Валландер задумался. Он и представить себе не мог, что за исчезновением Хокана фон Энке последует еще одно.
— Н-да, неприятность, — наконец сказал он. — Есть какое-нибудь разумное объяснение?
— Насколько я вижу, нет. Я обзвонил ее близких подруг, но с воскресенья никто ее не видел и не слышал. В воскресенье она звонила некой Катарине Линден, спрашивала про высокогорный отель в Норвегии, где та бывала. По словам Катарины Линден, голос у нее звучал как обычно. Позднее никто с нею не разговаривал. У нас тут назначено совещание группы, которая занимается исчезновением ее мужа. Я просто хотел заранее созвониться с вами. Фактически — чтобы услышать вашу реакцию.
— Прежде всего я подумал, что она знает, где находится Хокан, и оправилась к нему.
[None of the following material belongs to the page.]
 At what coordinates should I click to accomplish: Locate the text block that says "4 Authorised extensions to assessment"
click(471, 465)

Но паспорт и телефон, конечно, свидетельствуют против этого.
— Я думал примерно о том же. Но сомневаюсь, как и вы.
— Может, все же найдется разумное объяснение? Вдруг она заболела? Упала на улице?
— Я первым делом проверил больницы. По словам Софии — а у нас нет причин в них сомневаться, — Луиза всегда носила с собой удостоверение, в кармане куртки или пальто. Поскольку мы его не обнаружили, то, скорее всего, когда она ушла, документ был при ней.
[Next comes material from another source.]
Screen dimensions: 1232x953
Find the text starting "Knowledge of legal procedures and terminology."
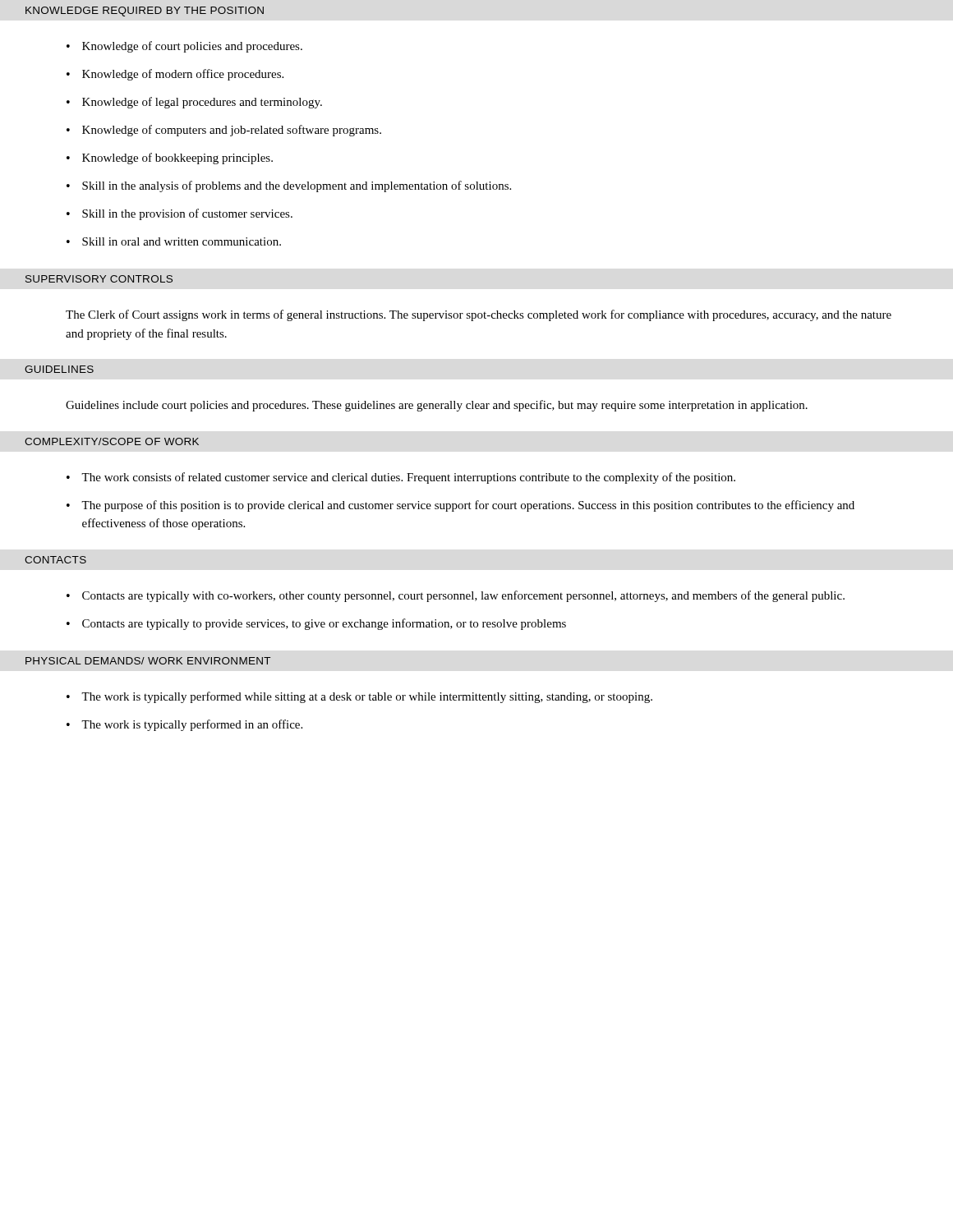(202, 102)

Валландер размышлял о том, почему Луиза не сказала ему, что трижды в неделю к ним приходит уборщица. Да и Ханс тоже умолчал о ней. Хотя, конечно, вряд ли стоит придавать этому значение. Семья фон Энке принадлежит к высшему обществу, где прислуга — обычное дело, о ней незачем говорить, она просто есть.
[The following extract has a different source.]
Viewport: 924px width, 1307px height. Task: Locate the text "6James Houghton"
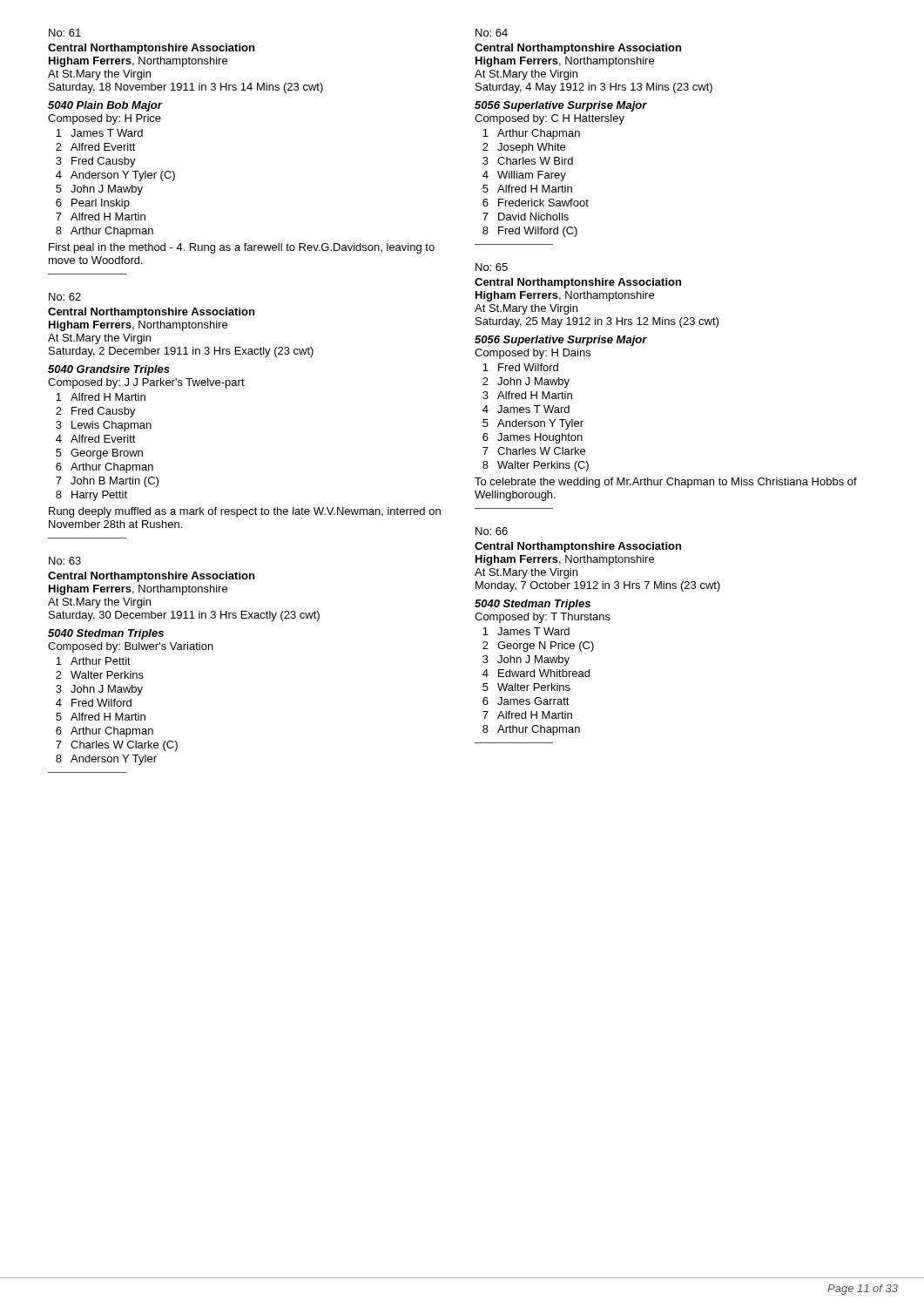point(529,437)

Иттерберг обещал держать его в курсе. Уже заканчивая разговор, Валландер спросил, созвонился ли Иттерберг с Аткинсом, ведь они встречались, когда тот приезжал в Стокгольм.
— А у него может быть информация? — с сомнением спросил Иттерберг.
Валландеру показалось странным, что Иттерберг не понял, как близко дружили эти семьи. Или Аткинс говорил ему не совсем то, что Валландеру?
— Который час теперь в Калифорнии? — спросил Иттерберг. — Звонить среди ночи нет смысла, зачем будить людей?
— Разница во времени с Восточным побережьем составляет шесть часов, — ответил Валландер. — Но насчет Калифорнии не знаю. Могу выяснить и позвонить ему.
— Будьте добры, — сказал Иттерберг. — Закажите разговор, а мы возместим вам расходы.
— Мой служебный телефон пока что не отключили, — сказал Валландер. — Вряд ли допустят, чтобы полиция обанкротилась по причине неоплаченных телефонных счетов. До этого еще не дошло.